Task:
Each entry should be written out again exactly, so that nothing is lost.

(Stored data entries)
- - -

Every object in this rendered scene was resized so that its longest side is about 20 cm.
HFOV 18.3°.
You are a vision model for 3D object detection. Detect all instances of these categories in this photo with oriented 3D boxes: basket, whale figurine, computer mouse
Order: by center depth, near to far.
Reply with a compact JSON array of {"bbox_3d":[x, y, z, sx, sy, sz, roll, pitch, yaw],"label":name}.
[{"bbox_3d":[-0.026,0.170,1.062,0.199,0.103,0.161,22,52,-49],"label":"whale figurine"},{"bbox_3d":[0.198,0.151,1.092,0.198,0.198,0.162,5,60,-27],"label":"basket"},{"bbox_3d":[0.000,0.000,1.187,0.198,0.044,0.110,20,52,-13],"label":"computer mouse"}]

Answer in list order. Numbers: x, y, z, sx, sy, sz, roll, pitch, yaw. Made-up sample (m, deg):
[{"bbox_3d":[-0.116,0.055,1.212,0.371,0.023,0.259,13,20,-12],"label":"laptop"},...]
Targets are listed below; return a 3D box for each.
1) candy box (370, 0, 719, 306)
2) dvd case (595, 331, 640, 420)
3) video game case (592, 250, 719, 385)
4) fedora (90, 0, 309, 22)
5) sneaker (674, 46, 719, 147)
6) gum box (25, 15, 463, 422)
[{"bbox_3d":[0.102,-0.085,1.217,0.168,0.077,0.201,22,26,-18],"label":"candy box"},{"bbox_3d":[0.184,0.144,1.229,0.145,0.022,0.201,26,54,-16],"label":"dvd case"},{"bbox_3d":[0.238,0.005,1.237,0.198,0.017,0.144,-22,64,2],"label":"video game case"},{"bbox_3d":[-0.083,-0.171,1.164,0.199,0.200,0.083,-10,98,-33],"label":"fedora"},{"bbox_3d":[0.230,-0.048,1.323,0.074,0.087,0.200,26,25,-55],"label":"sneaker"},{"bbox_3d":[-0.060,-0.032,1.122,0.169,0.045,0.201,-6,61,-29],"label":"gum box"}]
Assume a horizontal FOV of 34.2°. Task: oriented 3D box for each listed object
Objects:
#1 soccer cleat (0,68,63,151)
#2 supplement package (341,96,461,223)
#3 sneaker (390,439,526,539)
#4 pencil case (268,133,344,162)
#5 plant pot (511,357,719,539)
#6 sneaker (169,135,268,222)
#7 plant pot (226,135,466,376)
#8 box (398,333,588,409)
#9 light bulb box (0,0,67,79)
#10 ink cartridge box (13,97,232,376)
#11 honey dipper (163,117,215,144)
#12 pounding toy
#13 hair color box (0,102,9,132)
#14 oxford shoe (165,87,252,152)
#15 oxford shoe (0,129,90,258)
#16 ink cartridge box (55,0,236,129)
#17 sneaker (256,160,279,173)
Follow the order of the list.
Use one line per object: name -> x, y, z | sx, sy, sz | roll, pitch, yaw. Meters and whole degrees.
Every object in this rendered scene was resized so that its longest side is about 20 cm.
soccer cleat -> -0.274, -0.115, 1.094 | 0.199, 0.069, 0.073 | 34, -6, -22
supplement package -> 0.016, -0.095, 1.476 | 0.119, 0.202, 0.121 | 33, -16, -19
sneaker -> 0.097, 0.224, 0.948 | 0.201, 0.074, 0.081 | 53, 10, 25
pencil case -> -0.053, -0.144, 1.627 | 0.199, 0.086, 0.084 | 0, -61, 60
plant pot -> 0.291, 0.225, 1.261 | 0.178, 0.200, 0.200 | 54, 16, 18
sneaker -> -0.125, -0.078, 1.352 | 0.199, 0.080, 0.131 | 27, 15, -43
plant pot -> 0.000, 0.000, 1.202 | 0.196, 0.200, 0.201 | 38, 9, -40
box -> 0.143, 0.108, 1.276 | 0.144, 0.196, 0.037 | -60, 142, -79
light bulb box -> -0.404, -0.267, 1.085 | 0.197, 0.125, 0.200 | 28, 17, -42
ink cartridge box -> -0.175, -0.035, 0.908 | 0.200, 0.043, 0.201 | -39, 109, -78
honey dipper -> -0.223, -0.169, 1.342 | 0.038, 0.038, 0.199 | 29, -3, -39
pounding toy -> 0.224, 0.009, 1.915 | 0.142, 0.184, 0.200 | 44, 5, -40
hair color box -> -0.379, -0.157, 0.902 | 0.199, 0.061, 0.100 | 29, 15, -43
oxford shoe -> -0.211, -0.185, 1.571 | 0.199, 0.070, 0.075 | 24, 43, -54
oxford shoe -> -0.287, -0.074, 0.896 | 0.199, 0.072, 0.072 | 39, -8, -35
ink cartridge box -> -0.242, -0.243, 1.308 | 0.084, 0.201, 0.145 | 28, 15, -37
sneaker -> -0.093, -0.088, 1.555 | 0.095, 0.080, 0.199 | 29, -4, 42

- - -

Result:
Every object in this rendered scene was resized so that its longest side is about 20 cm.
HFOV 18.3°.
You are a vision model for 3D object detection. Detect all instances of these categories in this photo with oriented 3D boxes: basket, whale figurine, computer mouse
Order: by center depth, near to far.
Reply with a compact JSON array of {"bbox_3d":[x, y, z, sx, sy, sz, roll, pitch, yaw],"label":name}.
[{"bbox_3d":[-0.026,0.170,1.062,0.199,0.103,0.161,22,52,-49],"label":"whale figurine"},{"bbox_3d":[0.198,0.151,1.092,0.198,0.198,0.162,5,60,-27],"label":"basket"},{"bbox_3d":[0.000,0.000,1.187,0.198,0.044,0.110,20,52,-13],"label":"computer mouse"}]

Answer in list order. Numbers: x, y, z, sx, sy, sz, roll, pitch, yaw. Made-up sample (m, deg):
[{"bbox_3d":[-0.116,0.055,1.212,0.371,0.023,0.259,13,20,-12],"label":"laptop"},...]
Targets are listed below; return a 3D box for each.
1) candy box (370, 0, 719, 306)
2) dvd case (595, 331, 640, 420)
3) video game case (592, 250, 719, 385)
4) fedora (90, 0, 309, 22)
5) sneaker (674, 46, 719, 147)
6) gum box (25, 15, 463, 422)
[{"bbox_3d":[0.102,-0.085,1.217,0.168,0.077,0.201,22,26,-18],"label":"candy box"},{"bbox_3d":[0.184,0.144,1.229,0.145,0.022,0.201,26,54,-16],"label":"dvd case"},{"bbox_3d":[0.238,0.005,1.237,0.198,0.017,0.144,-22,64,2],"label":"video game case"},{"bbox_3d":[-0.083,-0.171,1.164,0.199,0.200,0.083,-10,98,-33],"label":"fedora"},{"bbox_3d":[0.230,-0.048,1.323,0.074,0.087,0.200,26,25,-55],"label":"sneaker"},{"bbox_3d":[-0.060,-0.032,1.122,0.169,0.045,0.201,-6,61,-29],"label":"gum box"}]
Assume a horizontal FOV of 34.2°. Task: oriented 3D box for each listed object
Objects:
#1 soccer cleat (0,68,63,151)
#2 supplement package (341,96,461,223)
#3 sneaker (390,439,526,539)
#4 pencil case (268,133,344,162)
#5 plant pot (511,357,719,539)
#6 sneaker (169,135,268,222)
#7 plant pot (226,135,466,376)
#8 box (398,333,588,409)
#9 light bulb box (0,0,67,79)
#10 ink cartridge box (13,97,232,376)
#11 honey dipper (163,117,215,144)
#12 pounding toy
#13 hair color box (0,102,9,132)
#14 oxford shoe (165,87,252,152)
#15 oxford shoe (0,129,90,258)
#16 ink cartridge box (55,0,236,129)
#17 sneaker (256,160,279,173)
Follow the order of the list.
Use one line per object: name -> x, y, z | sx, sy, sz | roll, pitch, yaw. Meters and whole degrees.
Every object in this rendered scene was resized so that its longest side is about 20 cm.
soccer cleat -> -0.274, -0.115, 1.094 | 0.199, 0.069, 0.073 | 34, -6, -22
supplement package -> 0.016, -0.095, 1.476 | 0.119, 0.202, 0.121 | 33, -16, -19
sneaker -> 0.097, 0.224, 0.948 | 0.201, 0.074, 0.081 | 53, 10, 25
pencil case -> -0.053, -0.144, 1.627 | 0.199, 0.086, 0.084 | 0, -61, 60
plant pot -> 0.291, 0.225, 1.261 | 0.178, 0.200, 0.200 | 54, 16, 18
sneaker -> -0.125, -0.078, 1.352 | 0.199, 0.080, 0.131 | 27, 15, -43
plant pot -> 0.000, 0.000, 1.202 | 0.196, 0.200, 0.201 | 38, 9, -40
box -> 0.143, 0.108, 1.276 | 0.144, 0.196, 0.037 | -60, 142, -79
light bulb box -> -0.404, -0.267, 1.085 | 0.197, 0.125, 0.200 | 28, 17, -42
ink cartridge box -> -0.175, -0.035, 0.908 | 0.200, 0.043, 0.201 | -39, 109, -78
honey dipper -> -0.223, -0.169, 1.342 | 0.038, 0.038, 0.199 | 29, -3, -39
pounding toy -> 0.224, 0.009, 1.915 | 0.142, 0.184, 0.200 | 44, 5, -40
hair color box -> -0.379, -0.157, 0.902 | 0.199, 0.061, 0.100 | 29, 15, -43
oxford shoe -> -0.211, -0.185, 1.571 | 0.199, 0.070, 0.075 | 24, 43, -54
oxford shoe -> -0.287, -0.074, 0.896 | 0.199, 0.072, 0.072 | 39, -8, -35
ink cartridge box -> -0.242, -0.243, 1.308 | 0.084, 0.201, 0.145 | 28, 15, -37
sneaker -> -0.093, -0.088, 1.555 | 0.095, 0.080, 0.199 | 29, -4, 42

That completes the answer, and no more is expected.